The point I wanted to make is that there are different varieties of screams. Some are involuntary - an immediate response to a frightening surprise. ("I thought I was safe and alone": SCREAM). Some are affectations, requiring some thought. (Gee, they're looking at me naked. How embarrassing.": SQUEEL). The way your story line evolved, I would have expected a scream of the first variety, but you seemed to be trying to describe one of the second variety - an embarrassed scream, not a frightened scream. I was curious as to what your intention really was.

-A.

Edit. My remark, "It's like sleepily" was meant to evoke the adv. or adj. discussion of an earlier thread (sleepily I walked or sleepy, I walked). I wanted to point out that the same useage could follow, as well as precede the action. (She screamed embarrassedly or She screamed, embarrassed.)

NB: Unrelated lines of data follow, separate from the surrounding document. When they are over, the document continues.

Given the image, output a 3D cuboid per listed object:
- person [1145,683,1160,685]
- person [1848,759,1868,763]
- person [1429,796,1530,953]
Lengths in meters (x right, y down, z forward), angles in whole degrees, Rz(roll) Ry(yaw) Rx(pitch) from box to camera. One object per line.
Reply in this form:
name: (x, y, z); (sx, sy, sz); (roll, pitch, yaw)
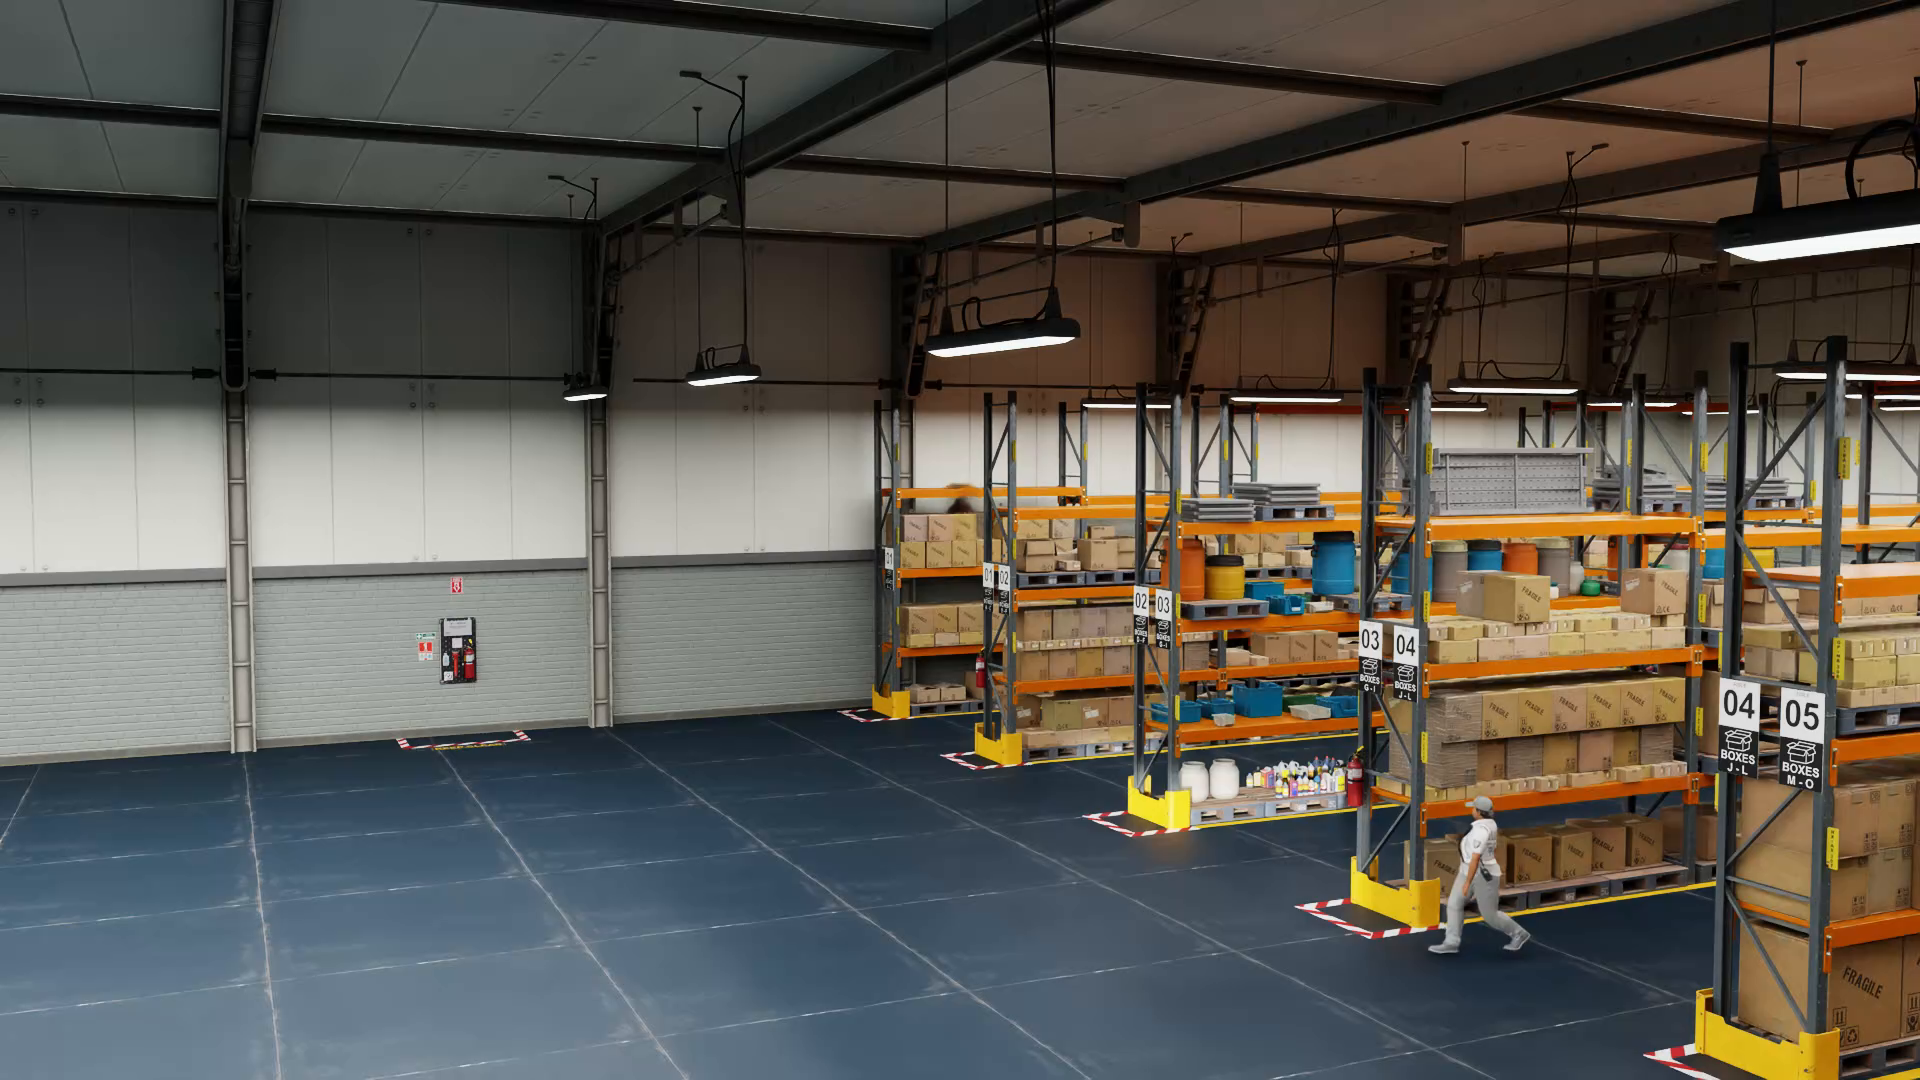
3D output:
person: (3.694, 2.423, 31.809); (0.658, 1.776, 0.381); (-2, 4, -28)
person: (10.292, 3.179, 19.242); (0.596, 1.731, 0.544); (-1, 3, -16)
person: (5.245, 3.367, 16.705); (0.955, 1.617, 0.475); (-1, 3, -11)

AvangiSome are involuntary - an immediate response to a frightening surprise. ("I thought I was safe and alone": SCREAM). Some are affectations, requiring some thought. (Gee, they're looking at me naked. How embarrassing.": SQUEEL).
I see why you recommended squeel.
Avangi I would have expected a scream of the first variety, but you seemed to be trying to describe one of the second variety - an embarrassed scream,
Are you saying an embarrassed scream is voluntarily? I guess it makes sense. I never analyzed them before. I wanted to say she was frightened (because she was naked in front of others) and therefore, screamed briefly (a tenth of a second maybe, not a kid long scream).